Owing to smaller size of early resorts, the SLS Las Vegas is about half the size of many newer properties. That alleviates the seemingly endless hikes you have to make at other resorts. All of the restaurants and clubs are on the edges of the casino, and it, too, is smaller.

“With urban spaces, people are trying to take advantage of small footprints and create energy in small spaces,” said Rob Oseland, SLS president and chief operating officer. “Bringing a collection of those together, I think we’ve accomplished that here.”

Southern Californians will recognize many of the resort’s  venues: The resort is part of Los Angeles-based sbe, known for its collection of hotels, nightclubs and restaurants. Familiar places such as the Sayers Club and Griddle Café have outposts at the Las Vegas property.

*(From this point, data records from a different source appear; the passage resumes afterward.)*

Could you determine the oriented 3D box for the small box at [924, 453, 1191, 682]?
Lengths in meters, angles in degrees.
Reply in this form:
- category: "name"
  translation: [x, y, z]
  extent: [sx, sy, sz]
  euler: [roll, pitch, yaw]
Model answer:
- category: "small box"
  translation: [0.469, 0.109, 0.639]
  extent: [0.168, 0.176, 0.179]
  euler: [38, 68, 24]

“That familiarity is a huge advantage for us,” Oseland said.

SLS has three hotel towers. The LUX Tower features 300 suites; the World Tower has 1,100 rooms geared to business, tech-savvy travelers. The 200-room Story Tower is intended to appeal to people planning shorter stays.

“Rather than just trying to be just another small, standard room within the market, we tried to have some fun with that (Story Tower) room,” Oseland said. “We took a studio apartment approach.”

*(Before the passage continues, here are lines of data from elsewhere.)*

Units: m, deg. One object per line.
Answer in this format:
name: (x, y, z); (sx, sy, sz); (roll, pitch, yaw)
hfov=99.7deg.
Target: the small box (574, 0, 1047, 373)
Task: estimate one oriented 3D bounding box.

The architectural team, lead by French designer Philippe Starck, maximized the space by eliminating the traditional, separate bathroom. Instead, the shower and toilet are hidden behind sliding, mirrored doors just behind the bed. 

Like its competitors, SLS has room rates that will vary considerably based on day of the week and occupancy, but generally start around $170.

SLS is at Las Vegas Boulevard and Sahara Avenue, two miles north of Bellagio and Caesars Palace and just a couple of minutes east of an Interstate 15 exit. The hotel is home to the northernmost stop along the Las Vegas Monorail.

“It (SLS) doesn’t have the walk-in traffic and the lookie-loos, as we would say, that typically frequent a property. But we also don’t see that as our customer,” said Oseland, who worked for resort guru Steve Wynn for many years.

Oseland expects SLS to attract a younger crowd than many other resorts.

“The market typically is up in the upper 40s and we see ourselves maybe 10 years younger,” he said. “(But) it’s not intended to just appeal to a young, hip audience.

“If this can be a place where older people feel younger, that would be a big success for us.”